Yang Zhang ¹, Ting Yang ², Yu Yang ², Dongsheng Xu ², Yucheng Hu ², Shuo Zhang ², Nanchao Luo ^3,^✉, Lin Ning ^2,^✉, Liping Ren ^2,^✉

PMCID: PMC11665841 PMID: 39541343

Abstract

Small interfering RNA (siRNA) has revolutionised biomedical research and drug development through precise post‐transcriptional gene silencing technology. Despite its immense potential, siRNA therapy still faces technical challenges, such as delivery efficiency, targeting specificity, and molecular stability. To address these challenges and facilitate siRNA drug development, we have developed siRNAEfficacyDB, a comprehensive database that integrates experimentally validated siRNA efficacy data. This database contains 3544 siRNA records, covering 42 target genes and 5 cell lines. It provides detailed information on siRNA sequences, target genes, inhibition efficiencies, experimental techniques, cell lines, siRNA concentrations, and incubation times. siRNAEfficacyDB offers a user‐friendly web interface that makes it easy to query, browse and analyse data, enabling efficient access to siRNA‐related information. In summary, siRNAEfficacyDB provides a useful data foundation for siRNA drug design and optimisation, serving as a valuable resource for advancing computer‐aided siRNA design research and nucleic acid drug development. siRNAEfficacyDB is freely available at https://cellknowledge.com.cn/siRNAEfficacy for non‐commercial use.

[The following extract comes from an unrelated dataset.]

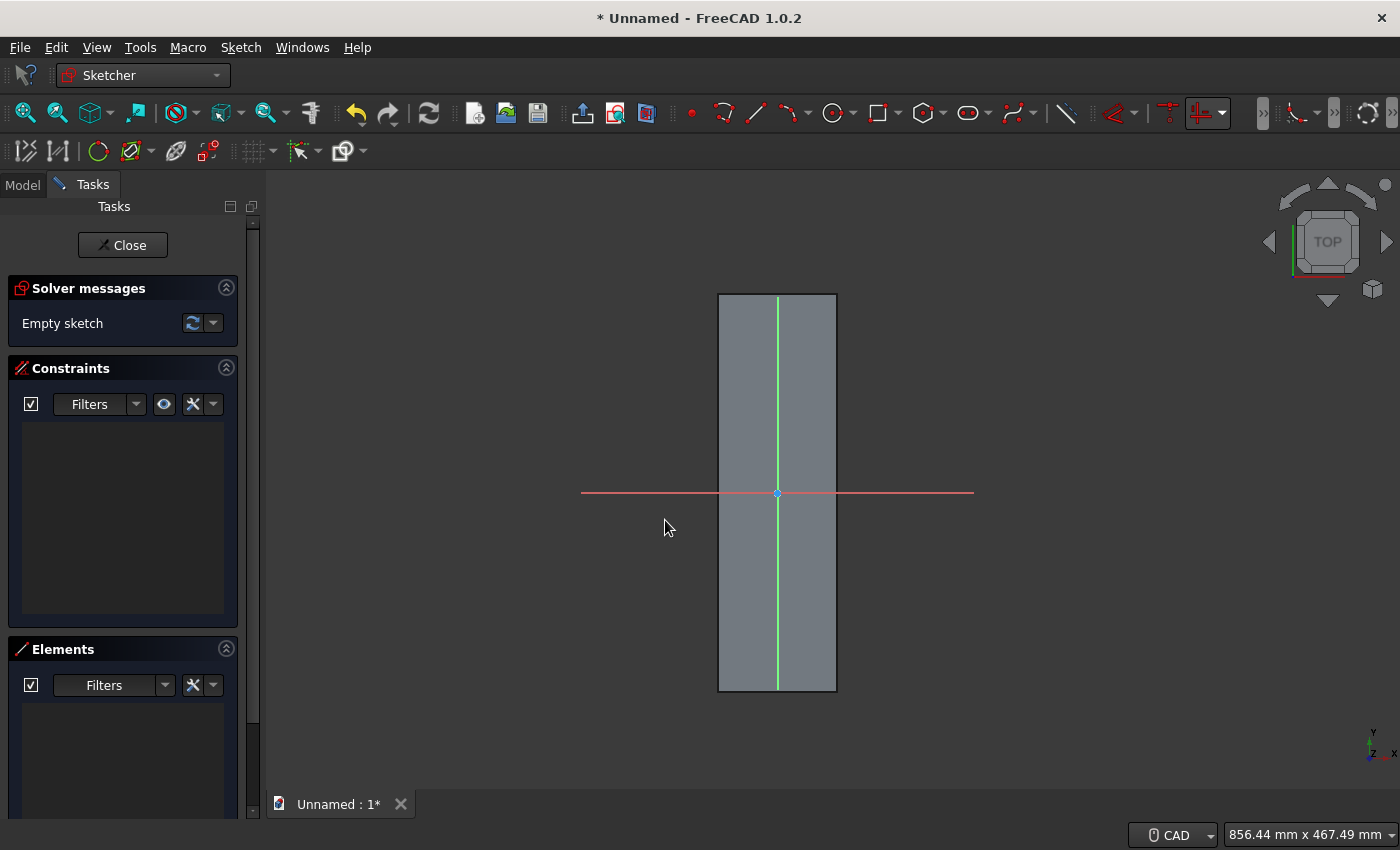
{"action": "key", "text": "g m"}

Keywords: big data, drugs, RNA

1. siRNAEfficacyDB integrates experimentally validated siRNA efficacy data, providing detailed information on 3544 siRNA records. 2. The database features a user‐friendly web interface for easy querying, browsing, and analysis of siRNA‐related information. 3. siRNAEfficacyDB serves as a valuable resource for advancing computer‐aided siRNA design research and nucleic acid drug development.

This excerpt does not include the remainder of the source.